### BRIEF
Restate the whole of the data below word for word, skipping the images.
====== DATA LISTING ======
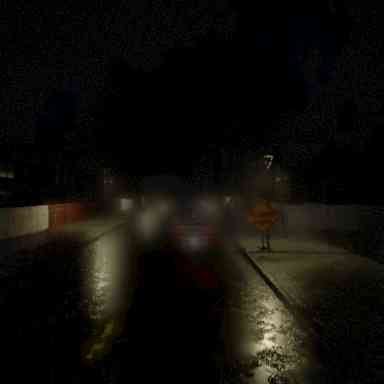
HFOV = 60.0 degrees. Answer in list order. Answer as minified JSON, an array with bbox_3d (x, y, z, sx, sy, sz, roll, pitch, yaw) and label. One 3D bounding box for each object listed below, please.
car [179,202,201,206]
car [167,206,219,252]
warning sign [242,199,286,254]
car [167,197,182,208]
[{"bbox_3d":[0.144,1.749,28.113,1.895,1.301,4.718,0,0,1],"label":"car"},{"bbox_3d":[0.107,1.564,14.245,2.128,1.511,4.902,0,0,0],"label":"car"},{"bbox_3d":[2.539,1.177,11.923,1.300,1.860,1.060,-1,-1,0],"label":"warning sign"},{"bbox_3d":[-2.674,1.650,51.786,2.097,1.767,4.553,0,-1,0],"label":"car"}]
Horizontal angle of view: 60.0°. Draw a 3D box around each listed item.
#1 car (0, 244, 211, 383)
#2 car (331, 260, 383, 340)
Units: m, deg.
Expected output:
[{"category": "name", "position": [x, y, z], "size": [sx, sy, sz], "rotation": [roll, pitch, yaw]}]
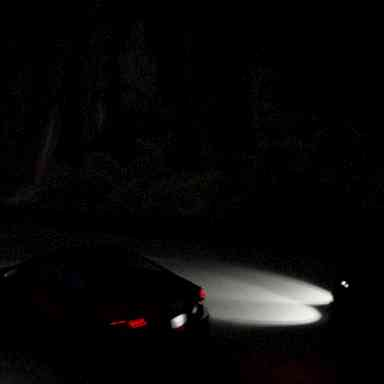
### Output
[{"category": "car", "position": [-1.789, 1.557, 5.268], "size": [4.181, 1.385, 1.994], "rotation": [0, 0, 36]}, {"category": "car", "position": [4.436, 1.566, 5.126], "size": [4.181, 1.385, 1.994], "rotation": [0, 0, 36]}]
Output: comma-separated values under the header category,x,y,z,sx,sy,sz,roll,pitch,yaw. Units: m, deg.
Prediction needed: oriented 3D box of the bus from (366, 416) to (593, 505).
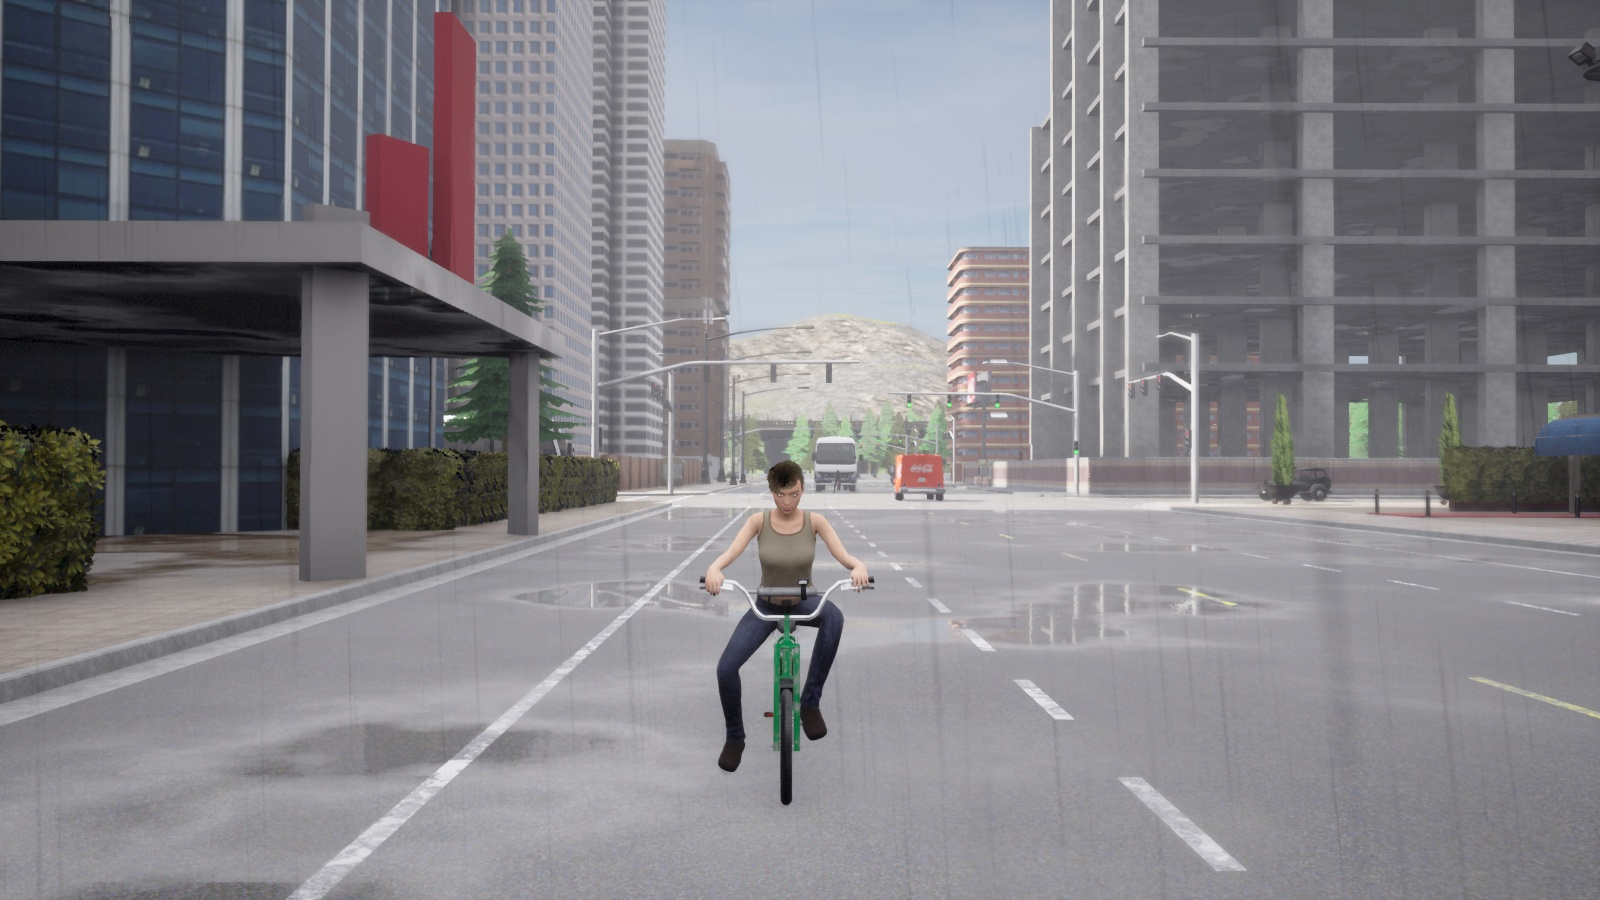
category,x,y,z,sx,sy,sz,roll,pitch,yaw
bus,-15.772,0.549,62.540,10.273,4.253,3.944,0,-1,0

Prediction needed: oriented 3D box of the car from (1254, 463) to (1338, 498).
category,x,y,z,sx,sy,sz,roll,pitch,yaw
car,27.430,1.666,69.556,3.866,1.878,1.905,0,-1,0

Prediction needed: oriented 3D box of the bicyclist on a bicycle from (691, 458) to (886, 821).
category,x,y,z,sx,sy,sz,roll,pitch,yaw
bicyclist on a bicycle,-0.061,0.858,6.372,0.866,1.612,1.509,0,-1,-1

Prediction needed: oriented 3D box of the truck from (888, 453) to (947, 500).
category,x,y,z,sx,sy,sz,roll,pitch,yaw
truck,6.356,1.447,68.354,2.627,2.467,5.204,0,-1,-1
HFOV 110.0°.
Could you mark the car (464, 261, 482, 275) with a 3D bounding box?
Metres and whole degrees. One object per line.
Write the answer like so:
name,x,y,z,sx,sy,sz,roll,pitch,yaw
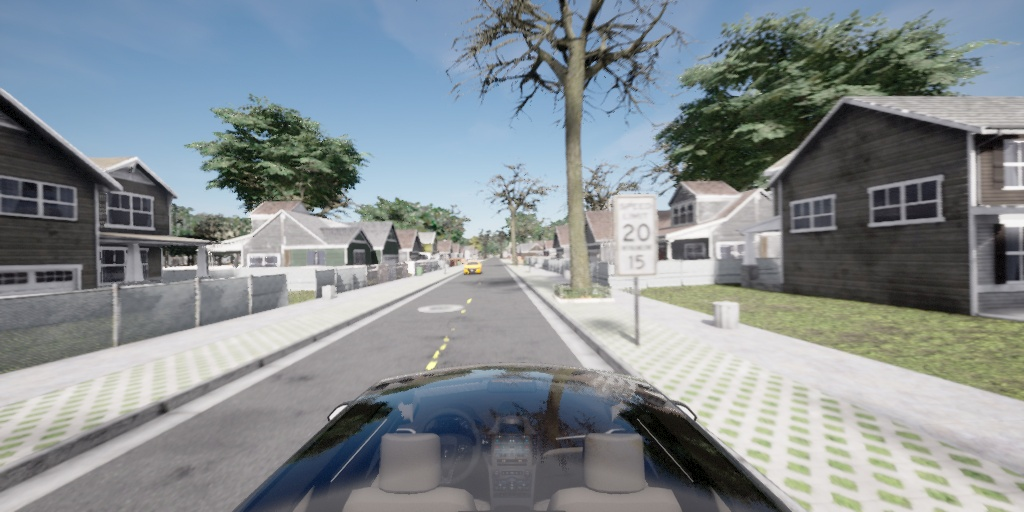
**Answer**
car,-4.428,1.285,41.089,1.882,1.535,5.008,-1,0,-3
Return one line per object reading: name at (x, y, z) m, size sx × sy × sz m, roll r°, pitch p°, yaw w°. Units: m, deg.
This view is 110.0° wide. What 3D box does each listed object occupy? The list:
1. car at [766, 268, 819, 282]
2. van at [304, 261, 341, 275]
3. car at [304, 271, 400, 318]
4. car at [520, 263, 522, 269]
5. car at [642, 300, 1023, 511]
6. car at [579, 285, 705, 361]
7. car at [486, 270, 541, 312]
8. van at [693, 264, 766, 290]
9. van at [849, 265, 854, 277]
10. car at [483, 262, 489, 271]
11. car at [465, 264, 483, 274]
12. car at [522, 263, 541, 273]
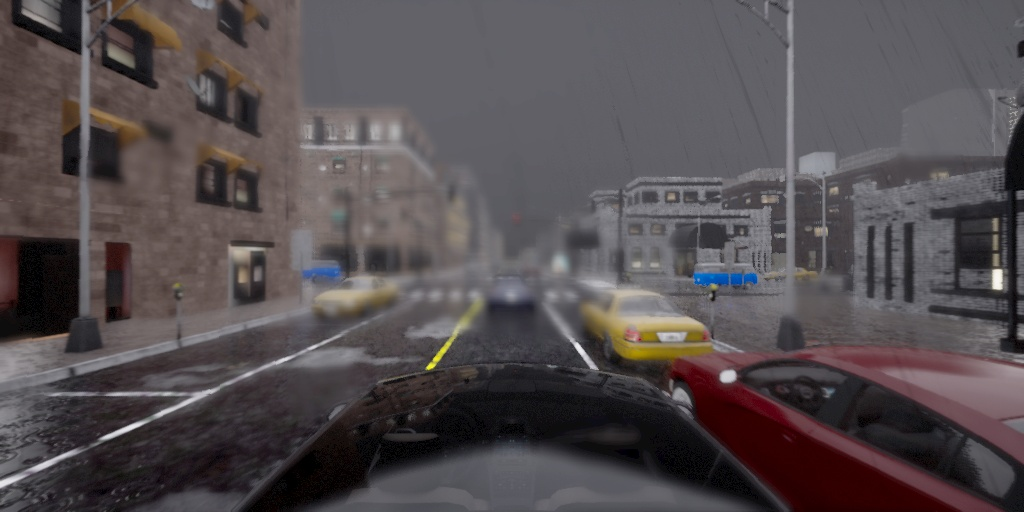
======
### EXERCISE OUTPUT
HFOV = 60.0 degrees. Answer in list order. Answer as minified JSON, an array with bbox_3d (x, y, z, sx, sy, sz, roll, pitch, yaw) and label. One 3D bounding box for each object listed below, please.
car [179,202,201,206]
car [167,206,219,252]
warning sign [242,199,286,254]
car [167,197,182,208]
[{"bbox_3d":[0.144,1.749,28.113,1.895,1.301,4.718,0,0,1],"label":"car"},{"bbox_3d":[0.107,1.564,14.245,2.128,1.511,4.902,0,0,0],"label":"car"},{"bbox_3d":[2.539,1.177,11.923,1.300,1.860,1.060,-1,-1,0],"label":"warning sign"},{"bbox_3d":[-2.674,1.650,51.786,2.097,1.767,4.553,0,-1,0],"label":"car"}]
Horizontal angle of view: 60.0°. Draw a 3D box around each listed item.
#1 car (0, 244, 211, 383)
#2 car (331, 260, 383, 340)
Units: m, deg.
Expected output:
[{"category": "name", "position": [x, y, z], "size": [sx, sy, sz], "rotation": [roll, pitch, yaw]}]
### Output
[{"category": "car", "position": [-1.789, 1.557, 5.268], "size": [4.181, 1.385, 1.994], "rotation": [0, 0, 36]}, {"category": "car", "position": [4.436, 1.566, 5.126], "size": [4.181, 1.385, 1.994], "rotation": [0, 0, 36]}]
Output: comma-separated values under the header category,x,y,z,sx,sy,sz,roll,pitch,yaw. Units: m, deg.
Prediction needed: oriented 3D box of the bus from (366, 416) to (593, 505).
category,x,y,z,sx,sy,sz,roll,pitch,yaw
bus,-15.772,0.549,62.540,10.273,4.253,3.944,0,-1,0

Prediction needed: oriented 3D box of the car from (1254, 463) to (1338, 498).
category,x,y,z,sx,sy,sz,roll,pitch,yaw
car,27.430,1.666,69.556,3.866,1.878,1.905,0,-1,0

Prediction needed: oriented 3D box of the bicyclist on a bicycle from (691, 458) to (886, 821).
category,x,y,z,sx,sy,sz,roll,pitch,yaw
bicyclist on a bicycle,-0.061,0.858,6.372,0.866,1.612,1.509,0,-1,-1

Prediction needed: oriented 3D box of the truck from (888, 453) to (947, 500).
category,x,y,z,sx,sy,sz,roll,pitch,yaw
truck,6.356,1.447,68.354,2.627,2.467,5.204,0,-1,-1
HFOV 110.0°.
Could you mark the car (464, 261, 482, 275) with a 3D bounding box?
Metres and whole degrees. One object per line.
Write the answer like so:
name,x,y,z,sx,sy,sz,roll,pitch,yaw
**Answer**
car,-4.428,1.285,41.089,1.882,1.535,5.008,-1,0,-3
Return one line per object reading: name at (x, y, z) m, size sx × sy × sz m, roll r°, pitch p°, yaw w°. Units: m, deg.
This view is 110.0° wide. What 3D box does each listed object occupy? The list:
1. car at [766, 268, 819, 282]
2. van at [304, 261, 341, 275]
3. car at [304, 271, 400, 318]
4. car at [520, 263, 522, 269]
5. car at [642, 300, 1023, 511]
6. car at [579, 285, 705, 361]
7. car at [486, 270, 541, 312]
8. van at [693, 264, 766, 290]
9. van at [849, 265, 854, 277]
10. car at [483, 262, 489, 271]
11. car at [465, 264, 483, 274]
12. car at [522, 263, 541, 273]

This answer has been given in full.